**Assignment**
Verbatim output of the lines below is required, with the images omitted.

==== Record extracts ====

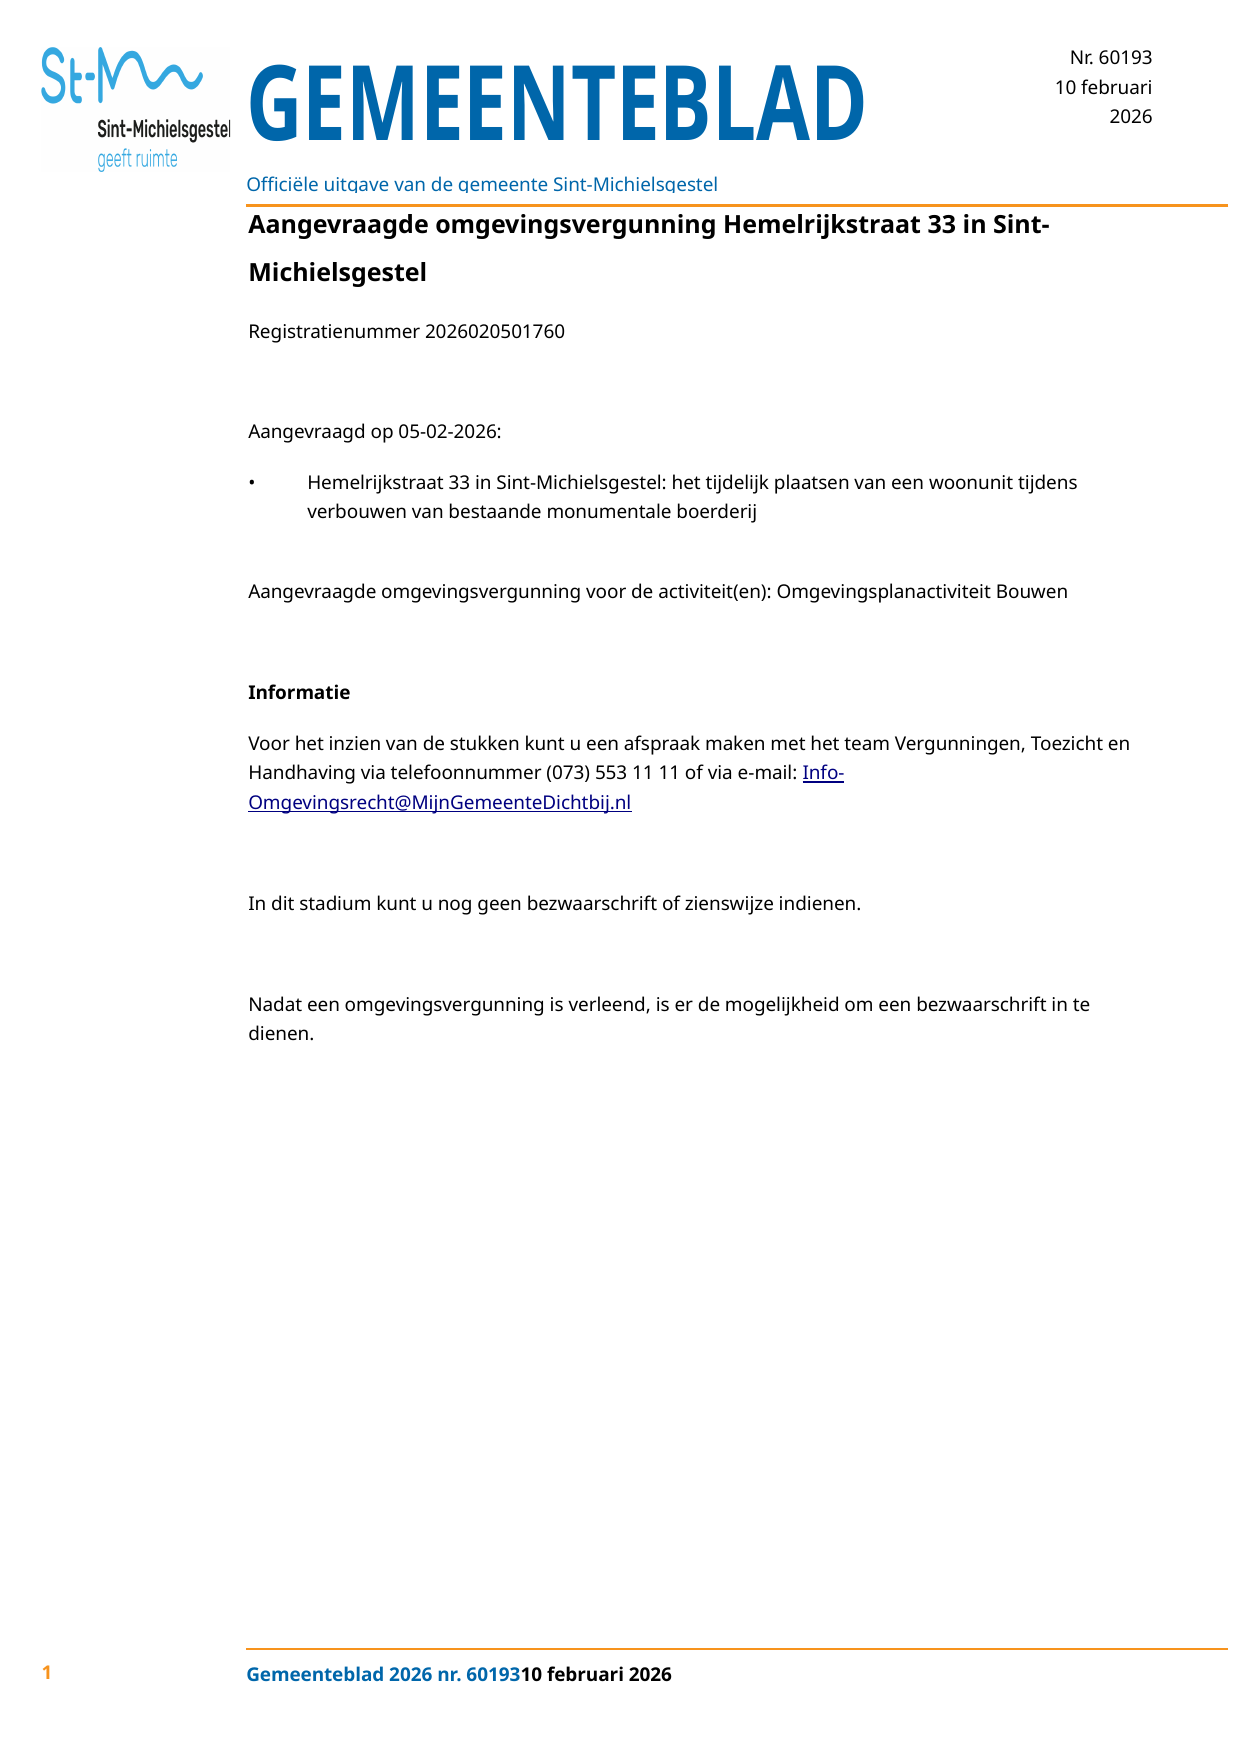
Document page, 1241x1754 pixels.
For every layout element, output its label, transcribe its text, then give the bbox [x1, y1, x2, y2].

text Informatie [248, 679, 1152, 705]
text In dit stadium kunt u nog geen bezwaarschrift of zienswijze indienen. [248, 890, 1152, 916]
text Aangevraagde omgevingsvergunning voor de activiteit(en): Omgevingsplanactiviteit Bouwen [248, 579, 1152, 604]
text Aangevraagd op 05-02-2026: [248, 419, 1152, 444]
text Registratienummer 2026020501760 [248, 318, 1152, 344]
list Hemelrijkstraat 33 in Sint-Michielsgestel: het tijdelijk plaatsen van een woonunit tijdens verbouwen van bestaande monumentale boerderij [248, 469, 1152, 524]
text Nadat een omgevingsvergunning is verleend, is er de mogelijkheid om een bezwaarschrift in te dienen. [248, 991, 1152, 1046]
picture [41, 47, 231, 172]
text Aangevraagde omgevingsvergunning Hemelrijkstraat 33 in Sint-Michielsgestel [248, 207, 1152, 288]
text Voor het inzien van de stukken kunt u een afspraak maken met het team Vergunningen, Toezicht en Handhaving via telefoonnummer (073) 553 11 11 of via e-mail: Info-Omgevingsrecht@MijnGemeenteDichtbij.nl [248, 730, 1152, 815]
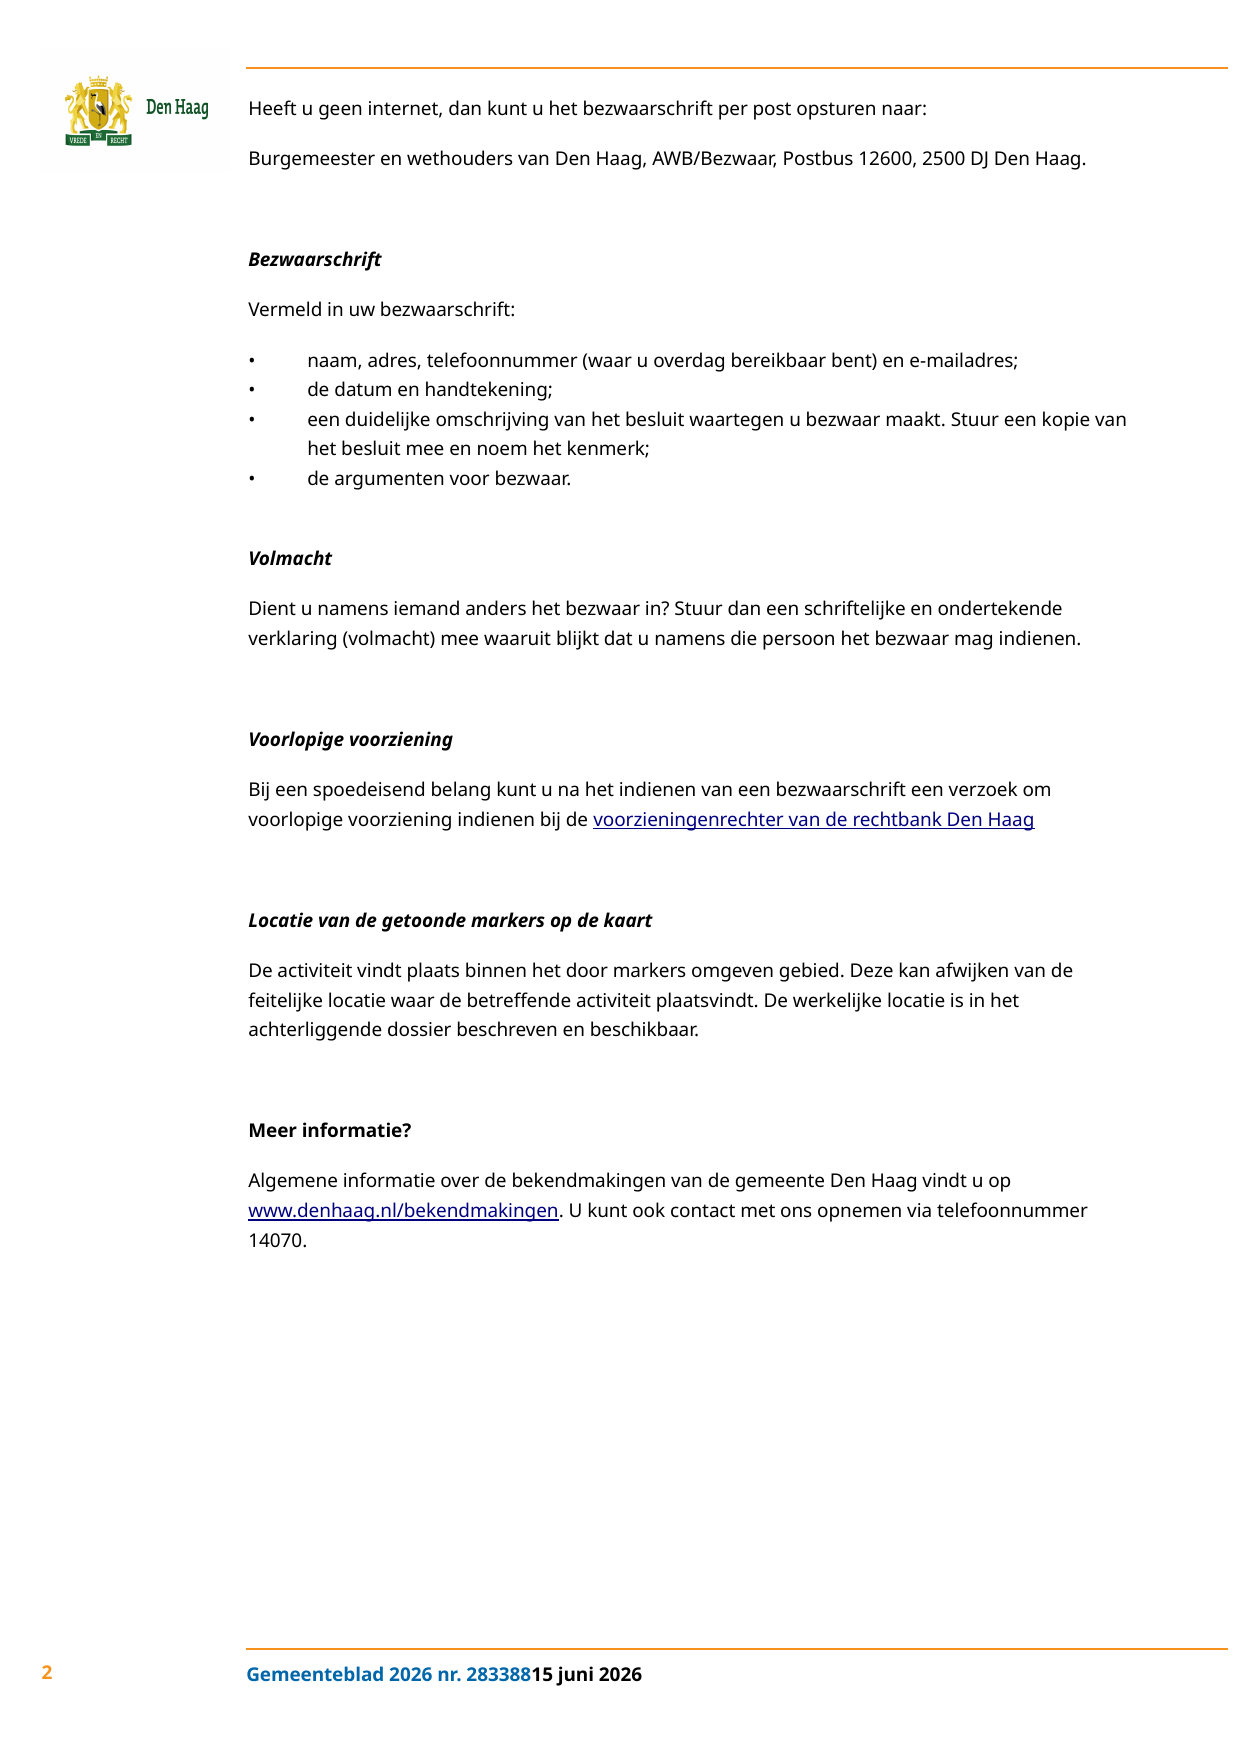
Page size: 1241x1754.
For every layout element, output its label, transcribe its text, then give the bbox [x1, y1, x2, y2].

====

**The completed task**
Document page, 1241x1754 pixels.
For every layout element, output its label, transcribe its text, then give the bbox [x1, y1, x2, y2].

text Informatie [248, 679, 1152, 705]
text In dit stadium kunt u nog geen bezwaarschrift of zienswijze indienen. [248, 890, 1152, 916]
text Aangevraagde omgevingsvergunning voor de activiteit(en): Omgevingsplanactiviteit Bouwen [248, 579, 1152, 604]
text Aangevraagd op 05-02-2026: [248, 419, 1152, 444]
text Registratienummer 2026020501760 [248, 318, 1152, 344]
list Hemelrijkstraat 33 in Sint-Michielsgestel: het tijdelijk plaatsen van een woonunit tijdens verbouwen van bestaande monumentale boerderij [248, 469, 1152, 524]
text Nadat een omgevingsvergunning is verleend, is er de mogelijkheid om een bezwaarschrift in te dienen. [248, 991, 1152, 1046]
picture [41, 47, 231, 172]
text Aangevraagde omgevingsvergunning Hemelrijkstraat 33 in Sint-Michielsgestel [248, 207, 1152, 288]
text Voor het inzien van de stukken kunt u een afspraak maken met het team Vergunningen, Toezicht en Handhaving via telefoonnummer (073) 553 11 11 of via e-mail: Info-Omgevingsrecht@MijnGemeenteDichtbij.nl [248, 730, 1152, 815]
Page size: 1241x1754.
For every layout element, output its label, transcribe its text, then give the bbox [x1, y1, x2, y2].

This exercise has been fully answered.